The writer Yann Moix, prosecuted for insult and defamation for comments about the police officers who had created a controversy in September 2018, was acquitted on Tuesday September 26 by the Paris court. On September 22, 2018, in Thierry Ardisson’s show “Les Terriens du Samedi” on C8, during a debate around the book by journalist Frédéric Ploquin baptized Fear has changed sideswhich mentioned the work of the police “fear in my stomach” against a backdrop of insecurity, Yann Moix had accused the police of “victimize oneself”. Two police officers were also present on set.
“Your favorite targets are the poor and disadvantaged backgrounds. And I myself, like all French people, am most often a spectator of the harassment that you practice on harmless people. (…) because indeed, with fear in your stomach, you don’t have the balls to go to dangerous places”he declared.
These comments provoked the ire of police unions and the Minister of the Interior at the time, Gérard Collomb, who filed a complaint. The Superior Audiovisual Council (CSA) – now the Regulatory Authority for Audiovisual and Digital Communication (Arcom) – had received more than 2,000 referrals from viewers. Shortly after, Yann Moix said “regret” of the “bad words”defending himself from being « antiflic ».
“Free right to criticize”
On Tuesday, the writer was first acquitted of charges of insulting a public administration. The press chamber notes that its statements were part of a “controversial debate” brand “by a certain familiarity”which allowed “therefore a freedom of tone, exaggeration and provocation”. And this, “all the more so from Yann Moix, who played the role of polemicist”. His argument was based on “free right to criticize”according to the judgment consulted by Agence France-Presse.
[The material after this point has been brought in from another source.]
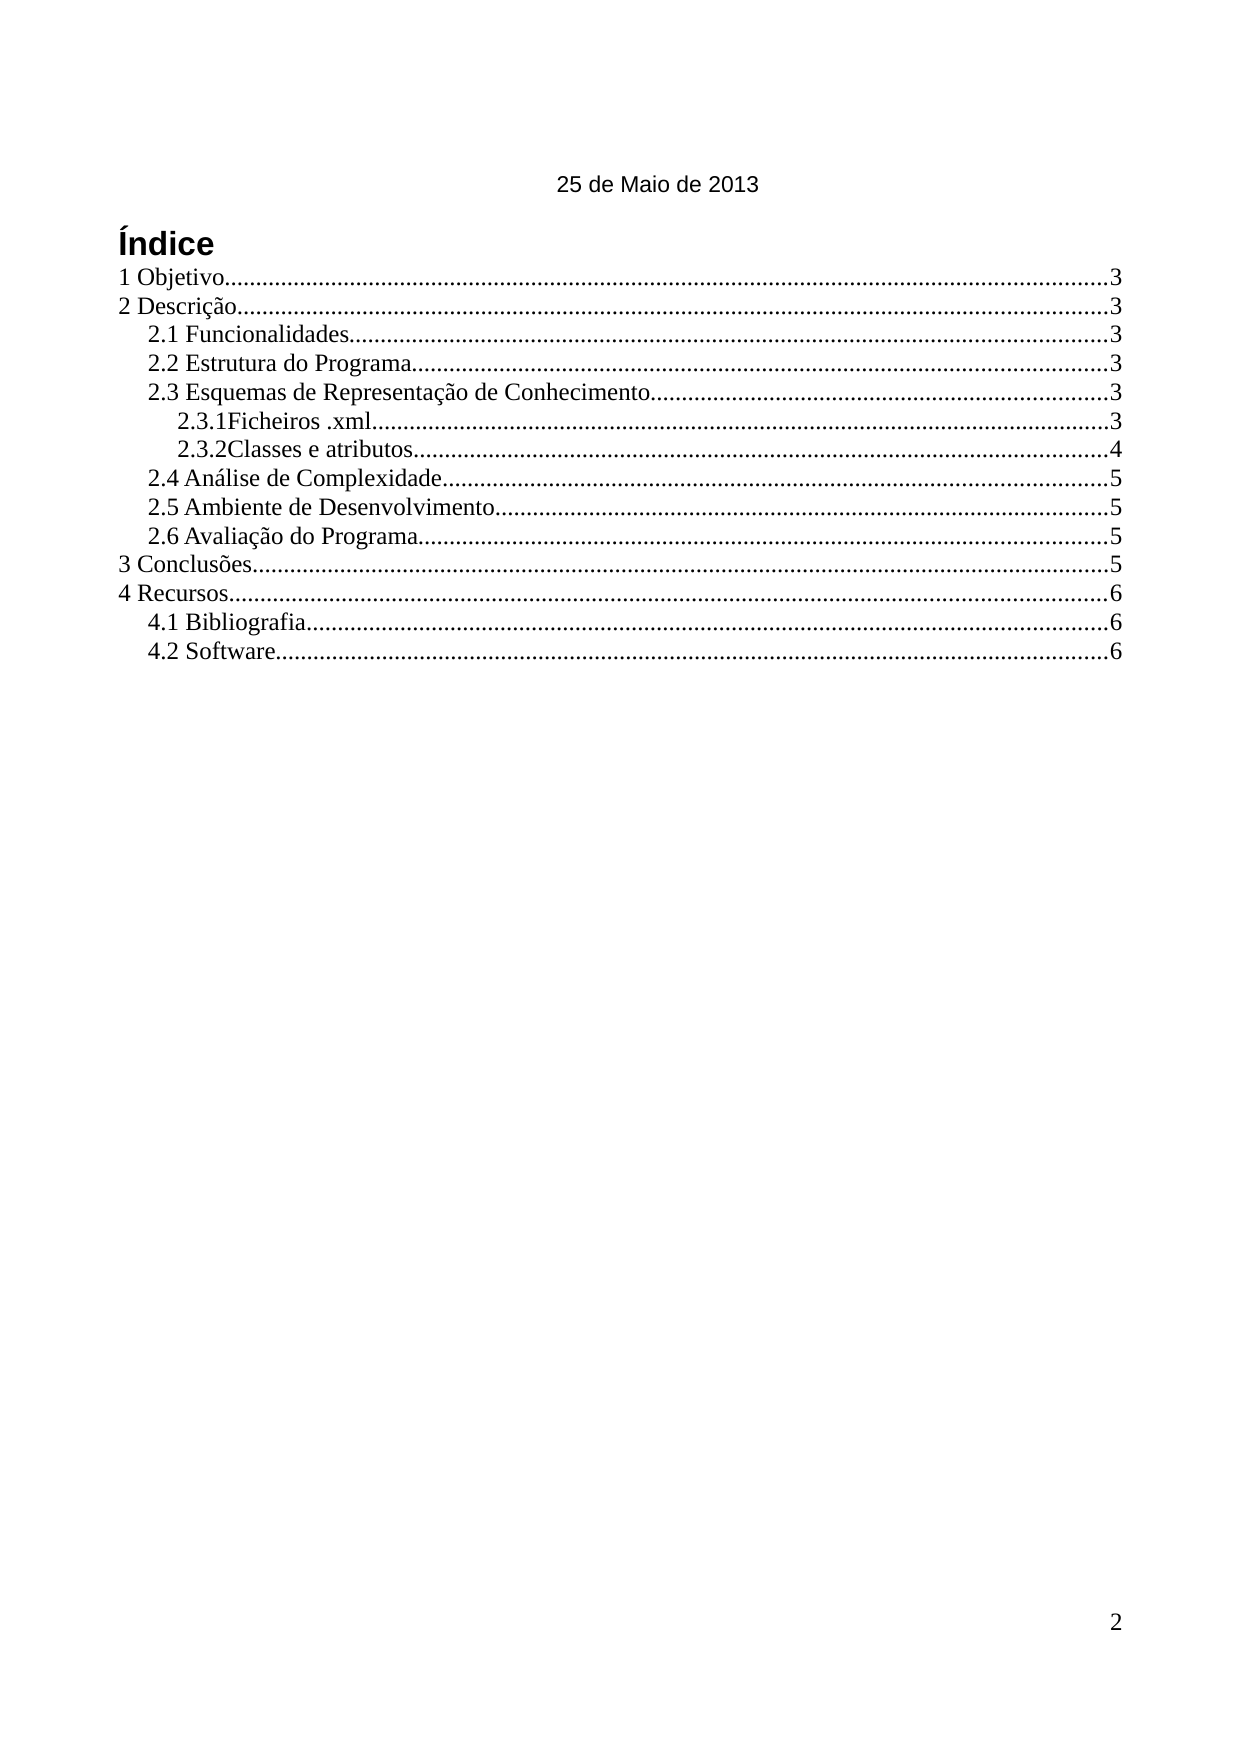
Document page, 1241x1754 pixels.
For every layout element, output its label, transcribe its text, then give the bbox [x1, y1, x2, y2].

Yann Moix was also sued for defamation for comments made the next day on Europe 1, where he responded to the words of Gérard Collomb who had described him as “rude in form, indecent in substance”. “The rudeness and indecency of Gérard Collomb (…)I saw them in the baton blows he lavishes on migrants in Calais all day long when four, five, six, seven, eight police officers are sometimes on a 16 year old child and beat him with blows and gas him”declared Yann Moix.
The court ruled that these comments were not defamatory, because they were a “value judgment” from a “pictorial scene, formulated in general terms” and not a “specific fact which would be attributed to the national police” – precise fact that the offense of defamation presupposes.